- _Task objective_
Your task is to reproduce the listing exactly, without its images.

- _Working data_

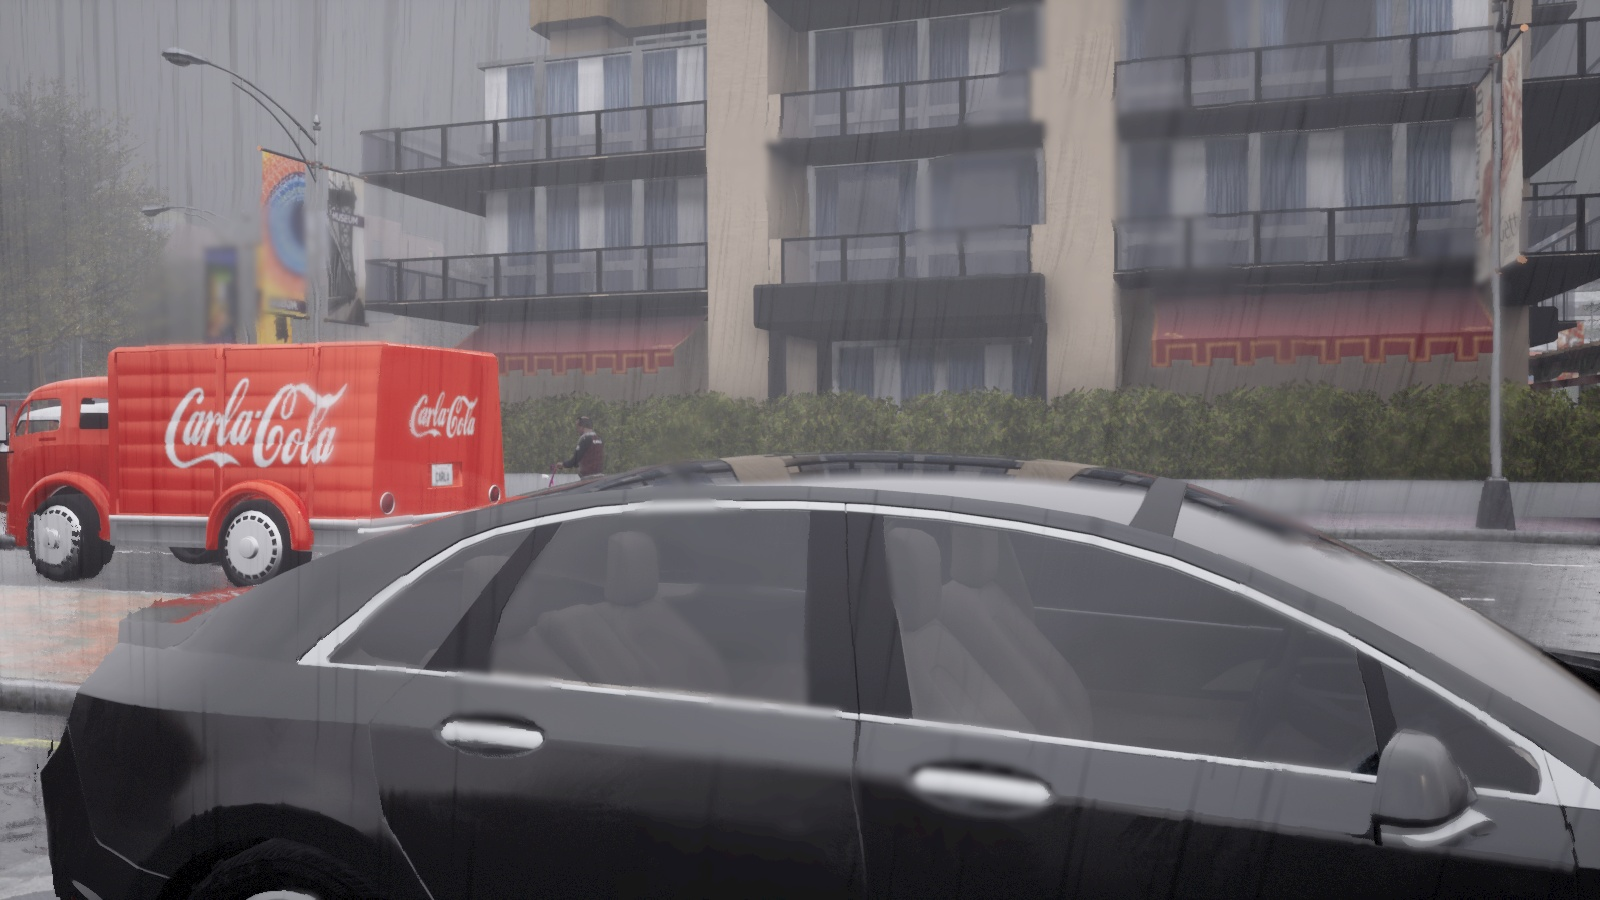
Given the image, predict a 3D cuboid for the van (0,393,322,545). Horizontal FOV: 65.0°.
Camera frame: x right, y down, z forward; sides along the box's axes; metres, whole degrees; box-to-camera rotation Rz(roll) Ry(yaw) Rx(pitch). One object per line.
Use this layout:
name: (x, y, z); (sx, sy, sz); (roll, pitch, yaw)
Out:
van: (-9.596, 0.218, 18.508); (4.480, 2.038, 2.069); (1, 1, 19)

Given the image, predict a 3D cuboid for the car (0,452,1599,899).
car: (0.540, 0.785, 3.011); (4.892, 1.490, 1.837); (1, 1, 19)

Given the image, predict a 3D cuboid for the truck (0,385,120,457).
truck: (-42.201, -1.612, 69.671); (8.468, 3.827, 2.891); (1, 1, 19)

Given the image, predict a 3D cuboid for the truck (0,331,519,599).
truck: (-6.039, 0.099, 13.653); (5.204, 2.467, 2.627); (1, 1, 19)
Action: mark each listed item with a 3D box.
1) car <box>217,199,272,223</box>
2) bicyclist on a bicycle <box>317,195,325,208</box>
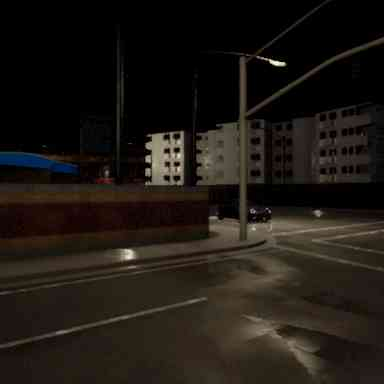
[{"bbox_3d":[3.932,1.339,25.532,2.097,1.767,4.553,0,0,-33],"label":"car"},{"bbox_3d":[16.522,1.273,42.591,1.656,1.620,0.582,0,0,-35],"label":"bicyclist on a bicycle"}]
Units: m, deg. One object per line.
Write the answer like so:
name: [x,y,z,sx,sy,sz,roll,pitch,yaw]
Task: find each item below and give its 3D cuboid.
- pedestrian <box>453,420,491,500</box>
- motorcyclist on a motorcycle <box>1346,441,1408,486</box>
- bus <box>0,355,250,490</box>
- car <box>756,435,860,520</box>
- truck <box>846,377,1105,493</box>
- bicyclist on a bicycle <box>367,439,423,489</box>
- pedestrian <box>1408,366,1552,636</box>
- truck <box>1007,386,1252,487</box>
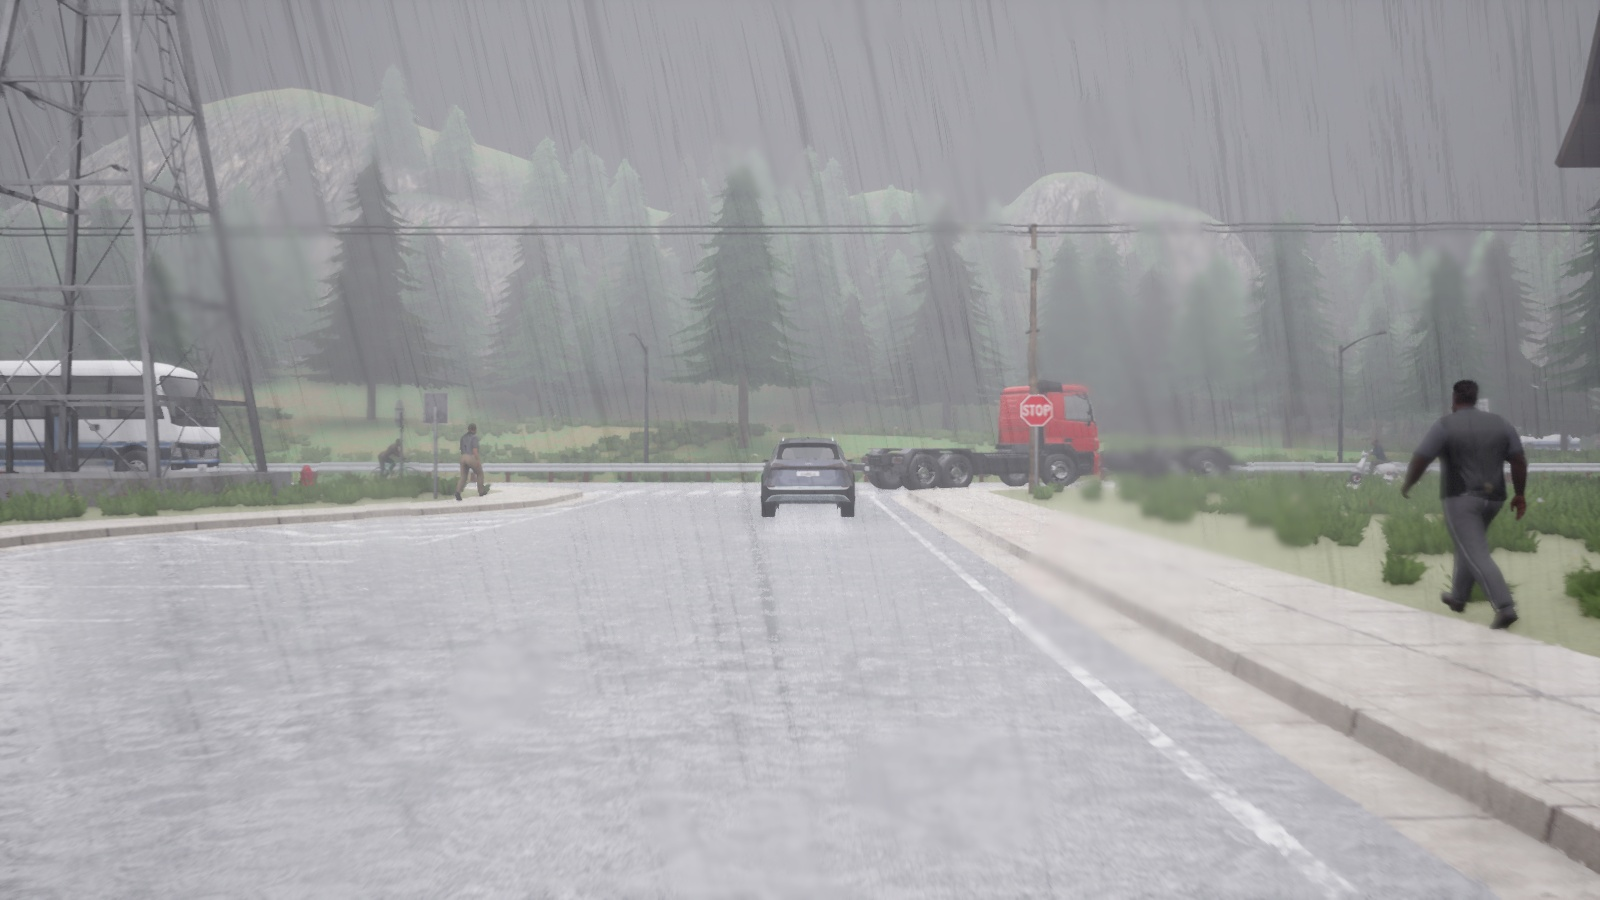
pedestrian: [-7.681,0.230,29.384,0.540,1.848,0.694,0,0,25]
motorcyclist on a motorcycle: [20.349,0.467,44.311,1.817,1.590,0.866,0,0,1]
bus: [-24.323,-0.885,41.846,10.273,4.253,3.944,0,0,1]
car: [0.169,0.525,26.901,2.033,1.649,4.856,0,0,0]
truck: [5.663,-0.458,40.271,7.936,3.462,2.891,0,0,-25]
bicyclist on a bicycle: [-13.397,0.454,41.599,1.656,1.620,0.582,0,0,1]
pedestrian: [4.942,0.354,9.174,0.563,1.883,0.849,0,0,-3]
truck: [11.535,-0.476,44.514,7.936,3.462,2.891,0,0,1]

- _Answer for this exercise_
Given the image, predict a 3D cuboid for the van (0,393,322,545). Horizontal FOV: 65.0°.
Camera frame: x right, y down, z forward; sides along the box's axes; metres, whole degrees; box-to-camera rotation Rz(roll) Ry(yaw) Rx(pitch). One object per line.
Use this layout:
name: (x, y, z); (sx, sy, sz); (roll, pitch, yaw)
Out:
van: (-9.596, 0.218, 18.508); (4.480, 2.038, 2.069); (1, 1, 19)

Given the image, predict a 3D cuboid for the car (0,452,1599,899).
car: (0.540, 0.785, 3.011); (4.892, 1.490, 1.837); (1, 1, 19)

Given the image, predict a 3D cuboid for the truck (0,385,120,457).
truck: (-42.201, -1.612, 69.671); (8.468, 3.827, 2.891); (1, 1, 19)

Given the image, predict a 3D cuboid for the truck (0,331,519,599).
truck: (-6.039, 0.099, 13.653); (5.204, 2.467, 2.627); (1, 1, 19)
Action: mark each listed item with a 3D box.
1) car <box>217,199,272,223</box>
2) bicyclist on a bicycle <box>317,195,325,208</box>
[{"bbox_3d":[3.932,1.339,25.532,2.097,1.767,4.553,0,0,-33],"label":"car"},{"bbox_3d":[16.522,1.273,42.591,1.656,1.620,0.582,0,0,-35],"label":"bicyclist on a bicycle"}]
Units: m, deg. One object per line.
Write the answer like so:
name: [x,y,z,sx,sy,sz,roll,pitch,yaw]
Task: find each item below and give its 3D cuboid.
- pedestrian <box>453,420,491,500</box>
- motorcyclist on a motorcycle <box>1346,441,1408,486</box>
- bus <box>0,355,250,490</box>
- car <box>756,435,860,520</box>
- truck <box>846,377,1105,493</box>
- bicyclist on a bicycle <box>367,439,423,489</box>
- pedestrian <box>1408,366,1552,636</box>
- truck <box>1007,386,1252,487</box>
pedestrian: [-7.681,0.230,29.384,0.540,1.848,0.694,0,0,25]
motorcyclist on a motorcycle: [20.349,0.467,44.311,1.817,1.590,0.866,0,0,1]
bus: [-24.323,-0.885,41.846,10.273,4.253,3.944,0,0,1]
car: [0.169,0.525,26.901,2.033,1.649,4.856,0,0,0]
truck: [5.663,-0.458,40.271,7.936,3.462,2.891,0,0,-25]
bicyclist on a bicycle: [-13.397,0.454,41.599,1.656,1.620,0.582,0,0,1]
pedestrian: [4.942,0.354,9.174,0.563,1.883,0.849,0,0,-3]
truck: [11.535,-0.476,44.514,7.936,3.462,2.891,0,0,1]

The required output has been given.